If you read my blog, you know about the mouse that has been scampering through the house at night for the last week or so. You also know that I re-named my cat UFC ( Useless Friggin Cat ) because he refused to do anything more than look at it.
Well here are the next 2 parts in my rat nightmare:
Imagine, if you will, a fairly quiet house, just around midnight. Husband is asleep, Alex is almost asleep, and I was sitting here enjoying the near silence as I watched a throng of scary bald clowns invade my Roller Coaster Kingdom park.
Suddenly the silence is shattered by a rattle behind the fridge. See yesterday Jack brought home live traps for the mouse. The kind that are supposed to adhere to the mouse, thus rendering it immobile so you can just run over there, scoop him up, and set him free back in the woods to live out the remainder of his little ratty days.
His back legs got stuck, leaving his front legs to flip him all over the place and make much noise while trying to free his self from the gluey crap. I go wake Jack up, who was less than appreciative I might add, to deal with the mouse.
After he wanders around trying to clear his sleep impaired brain, he sorta pokes at it with the broom handle trying to pin the trap part down. What this did was hold the trap in one place so the mouse could apply his obviously Herculean strength to get out of the glue and scurry under the fridge. I was not happy. Jack goes back to bed since he had to be up in 4 hours at that time to go to work, and I settle in back here for a while.
A little before 4 this morning I toddle off to bed. Not quite 4 hours later I hear this...sound. To my sleepy brain it sounded like a bag of chips being opened. I laid there and listened for a couple of minutes, but I did not hear it again so I went back to sleep. Ten minutes later I am woken up again by this noise. At this point I am thinking Alex is up and into something, so I get up and check it out. She was sound asleep in her bed. So I thought maybe I was dreaming about it, and flopped back in bed. Well I heard it again as soon as I got settled. I got up, grabbed the flashlight and started looking for the 3 remaining live traps. One of them has not moved. Another one was about 5 feet from where it was placed to begin with, with little mouse hairs stuck to it. Suddenly I heard the noise again and ran to the third one. Sure enough, there he was. His hind feet and ass fur caught in the trap. Again, his front feet make an awful lot of racket when he is trying to free his ass from the trap.

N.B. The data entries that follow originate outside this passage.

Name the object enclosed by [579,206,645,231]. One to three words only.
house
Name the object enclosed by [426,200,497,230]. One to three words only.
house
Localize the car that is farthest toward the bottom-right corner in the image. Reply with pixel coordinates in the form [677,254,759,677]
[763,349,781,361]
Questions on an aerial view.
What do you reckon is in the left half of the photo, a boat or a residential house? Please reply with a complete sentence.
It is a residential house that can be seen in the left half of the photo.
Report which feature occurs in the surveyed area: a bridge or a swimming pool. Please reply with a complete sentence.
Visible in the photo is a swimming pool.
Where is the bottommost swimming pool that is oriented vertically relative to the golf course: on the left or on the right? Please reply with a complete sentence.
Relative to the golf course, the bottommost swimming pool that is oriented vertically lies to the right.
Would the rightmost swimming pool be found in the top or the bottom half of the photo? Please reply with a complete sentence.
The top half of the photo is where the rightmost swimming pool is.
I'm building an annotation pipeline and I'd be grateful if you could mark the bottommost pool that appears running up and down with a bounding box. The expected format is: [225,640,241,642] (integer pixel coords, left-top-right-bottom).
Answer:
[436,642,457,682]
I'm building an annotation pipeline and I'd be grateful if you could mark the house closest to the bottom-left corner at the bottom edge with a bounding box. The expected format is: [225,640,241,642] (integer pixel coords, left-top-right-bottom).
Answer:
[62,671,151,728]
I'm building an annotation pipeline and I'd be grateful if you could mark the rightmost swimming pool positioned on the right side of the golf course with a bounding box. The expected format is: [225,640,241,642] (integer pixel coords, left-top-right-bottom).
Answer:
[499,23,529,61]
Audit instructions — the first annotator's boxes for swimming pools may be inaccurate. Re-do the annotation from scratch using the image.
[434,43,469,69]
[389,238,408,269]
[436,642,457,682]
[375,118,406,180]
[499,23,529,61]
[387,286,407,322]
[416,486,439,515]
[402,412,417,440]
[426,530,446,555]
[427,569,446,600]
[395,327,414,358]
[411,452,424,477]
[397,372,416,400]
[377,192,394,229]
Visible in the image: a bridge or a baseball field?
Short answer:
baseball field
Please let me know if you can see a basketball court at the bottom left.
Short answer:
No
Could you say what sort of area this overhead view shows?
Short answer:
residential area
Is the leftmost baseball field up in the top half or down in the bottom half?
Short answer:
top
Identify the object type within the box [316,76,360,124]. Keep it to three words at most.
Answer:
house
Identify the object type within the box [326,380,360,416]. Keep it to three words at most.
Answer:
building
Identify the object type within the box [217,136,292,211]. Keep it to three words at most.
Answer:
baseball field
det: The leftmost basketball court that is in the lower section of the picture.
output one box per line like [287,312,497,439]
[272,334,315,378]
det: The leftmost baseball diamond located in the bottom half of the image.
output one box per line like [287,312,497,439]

I am trying to figure out what to do because every time I moved or tried to pick the trap up he freaked out, which made ME freak out. I really wanted to catch him alive and let him out you know? But this thing has been gnawing on all kinds of things, and it ran out from under my computer table a couple of nights ago. If that damn mouse chews through a cord on my pc, there will be hell to pay.
I decide to see if Charlie, my cats Daddy Kitty, who is half feral, but has adopted us since our neighbor's moved away and left him, would have a go at him. Circle of Life and shit right?
He is as useless as his son.
And I have pics to prove it!
I brought Charlie in, and he ran right over to the food tray...which had the mouse sitting on it, and he starts nomming the leftover BBQ from last night. I stand there with my mouth hanging open. Charlie moved the bowl with his big fat face, and the mouse moved with the trap and Charlie jumped about 3 feet in the air and took off running to the front door. Had it been open, dude would have been gone lol. So after I stopped laughing and could breathe again, I called him back over to the dish, and the mouse, which Charlie fully acknowledges by SNIFFING IT, and then stuffs his head back into the bowl of BBQ. I was not amused. So Charlie gets done eating and saunters off and I am trying to figure out how to get this mouse out of my farken house.
I decide that I will pick the whole pan up and fling it out the back door, and go retrieve the bowls for food later. I have Alex open the back door and I go to pick the pan up and the mouse finds his strength to haul ass off the pan behind the fridge, trap and all. I can see the trap, so I move the fridge and grab some tongs, really long tongs, because I was going to grab the trap and the mouse and fling it out the back door. I grab the trap, yank it out and go to toss it...and notice the trap is empty. The farken mouse got LOOSE again! So he is under the fridge recovering from several strokes I am sure, and I called Jack and told him I am sorry, I tried the good karma route, tried to save the little shit, but I am done. I am tired and cranky and I did not care if he brought a spring trap, a boa constrictor, or friggin napalm, just GET RID OF IT. Then I told him about Charlie, and his preference of his BBQ than the live mouse, and how mad I was. Then I stood there holding the phone a foot away from my ear because he was laughing to hard and loud I was afraid I would go deaf. Not long after that we hung up and here I am, writing about the mouse from Hell, and the two useless cats.
Here are the pics....
Please ignore the old cookie sheet the cat food bowls are on, my cats are MESSY eaters who love to scatter food all over creation, so the old pan I never used other than to hold some potted plants that had no drain trays, is now holding kitty food messes. Also..Charlie is eating the last spoonful of Jacks awesome BBQ that was leftover from dinner last night.
So here ya go, pics that prove that A: My cats are useless, and B: that Jack's BBQ is SO good that even half wild cats prefer it over a live friggin mouse right next to their face...
Thar last shot is one I got when the mouse tried to get away from Charlie. Why, I don't know, since that was the safest rat in history at that moment, What cat wants a mouse when there is Jack's Famous BBQ???
So there is my story, and I am sure there will be another update before to long. Hope you enjoyed!